Since 100 is the syndrome of the code word 100110, therefore the given code 011001 is corrected as $100110 \oplus 011001= 111111$ and is decoded as 11.

2.The syndrome of the given code word 101011 is given by

$$101011 *\begin{bmatrix} 1&0&0 \\ 1&1&0 \\ 0&1&1 \\ 1&0&0 \\ 0&1&0 \\ 0&0&1 \end{bmatrix}=100$$

Since 100 is the syndrome of the code word 010100, therefore the given code 101011 is corrected as $010100 \oplus 101011 = 111111$ and is decoded as 11.
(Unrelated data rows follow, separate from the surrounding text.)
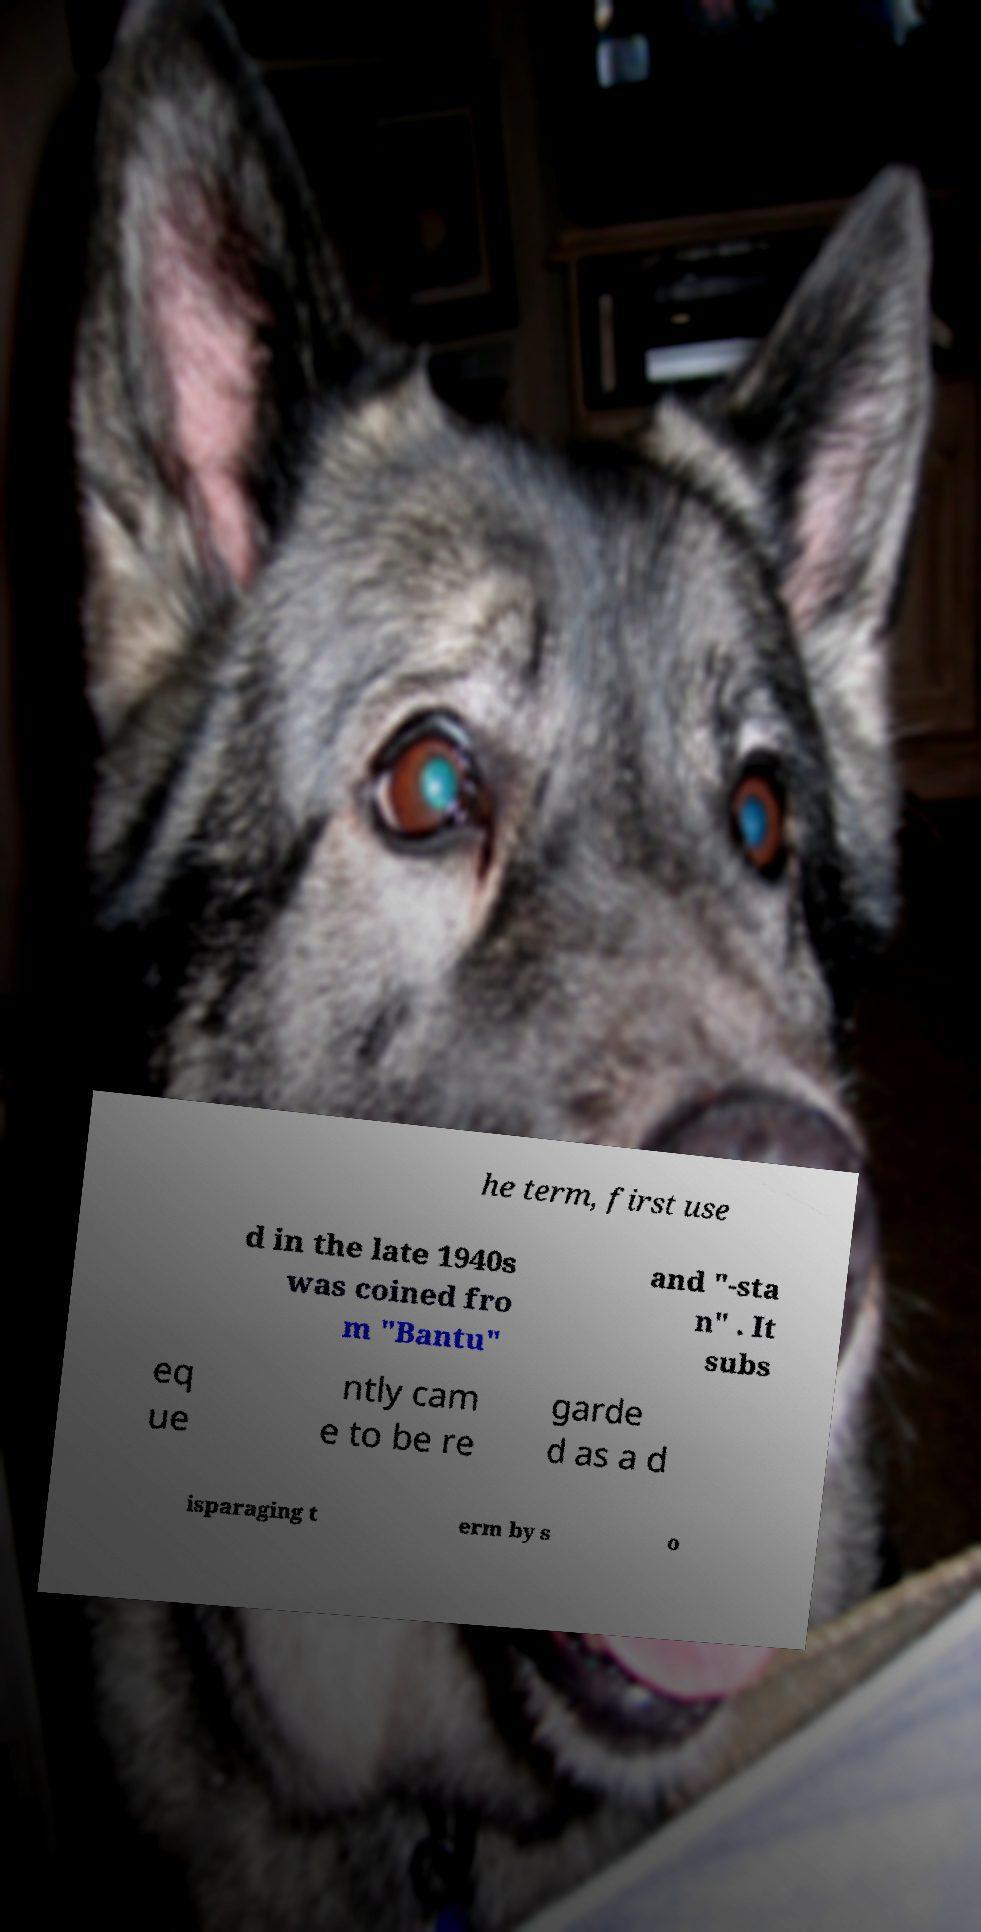What messages or text are displayed in this image? I need them in a readable, typed format. he term, first use d in the late 1940s was coined fro m "Bantu" and "-sta n" . It subs eq ue ntly cam e to be re garde d as a d isparaging t erm by s o 
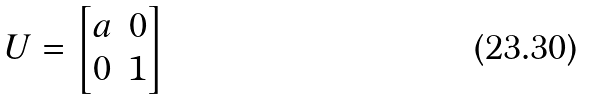Convert formula to latex. <formula><loc_0><loc_0><loc_500><loc_500>U = \begin{bmatrix} a & 0 \\ 0 & 1 \end{bmatrix}</formula> 
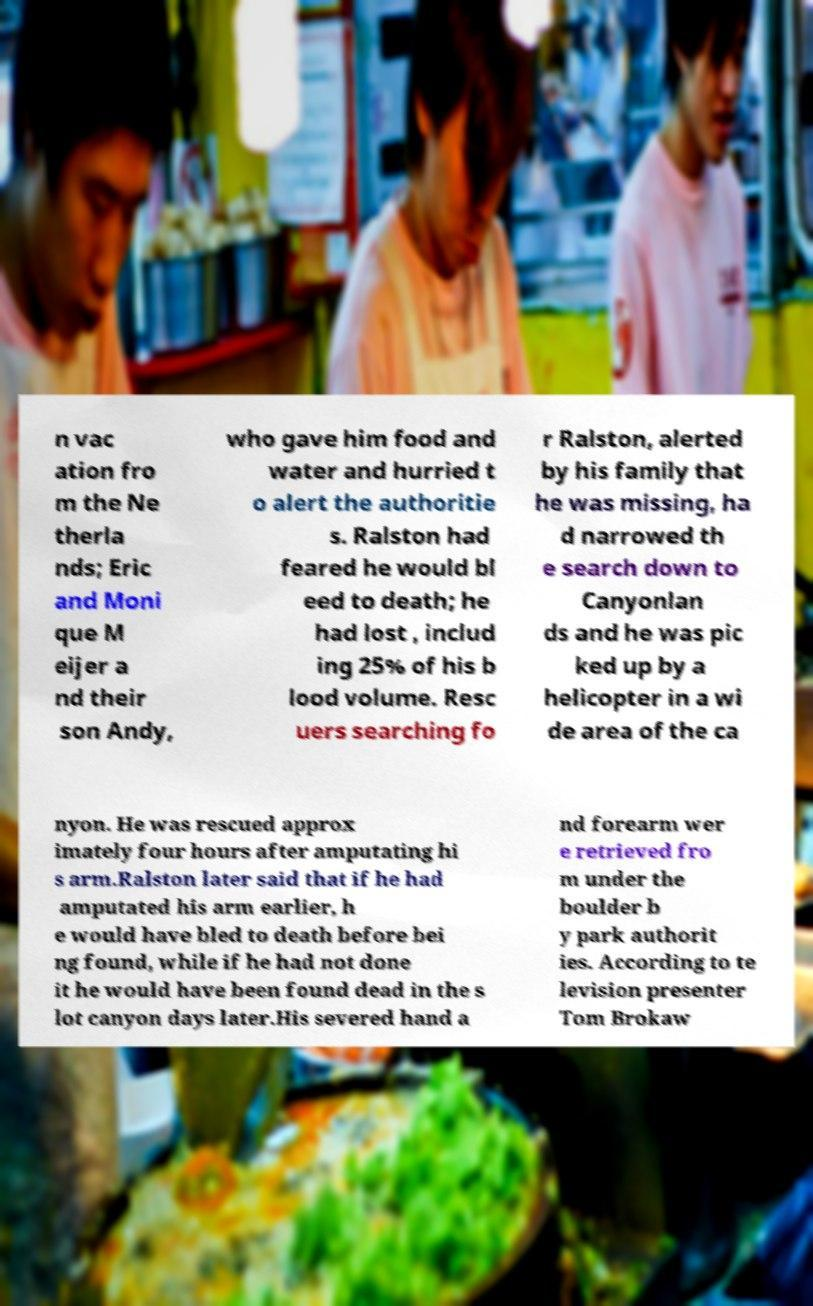Can you read and provide the text displayed in the image?This photo seems to have some interesting text. Can you extract and type it out for me? n vac ation fro m the Ne therla nds; Eric and Moni que M eijer a nd their son Andy, who gave him food and water and hurried t o alert the authoritie s. Ralston had feared he would bl eed to death; he had lost , includ ing 25% of his b lood volume. Resc uers searching fo r Ralston, alerted by his family that he was missing, ha d narrowed th e search down to Canyonlan ds and he was pic ked up by a helicopter in a wi de area of the ca nyon. He was rescued approx imately four hours after amputating hi s arm.Ralston later said that if he had amputated his arm earlier, h e would have bled to death before bei ng found, while if he had not done it he would have been found dead in the s lot canyon days later.His severed hand a nd forearm wer e retrieved fro m under the boulder b y park authorit ies. According to te levision presenter Tom Brokaw 
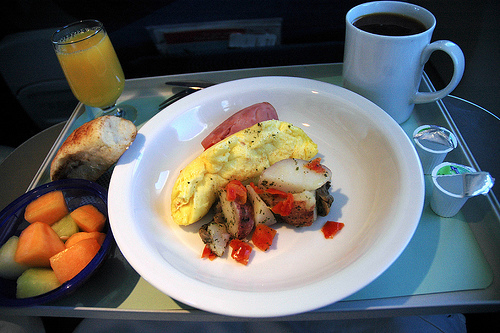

3.The syndrome of the given code word 111010 is given by

$$111010 *\begin{bmatrix} 1&0&0 \\ 1&1&0 \\ 0&1&1 \\ 1&0&0 \\ 0&1&0 \\ 0&0&1 \end{bmatrix}=001$$

Since 100 is the syndrome of the code word 000101, therefore the given code 111010 is corrected as $000101 \oplus 111010 = 111111$ and is decoded as 11.

4.The syndrome of the given code word 110110 is given by

$$110110 *\begin{bmatrix} 1&0&0 \\ 1&1&0 \\ 0&1&1 \\ 1&0&0 \\ 0&1&0 \\ 0&0&1 \end{bmatrix}=000$$

Since 100 is the syndrome of the code word 001001, therefore the given code 110110 is corrected as $001001 \oplus 110110 = 111111$ and is decoded as 11.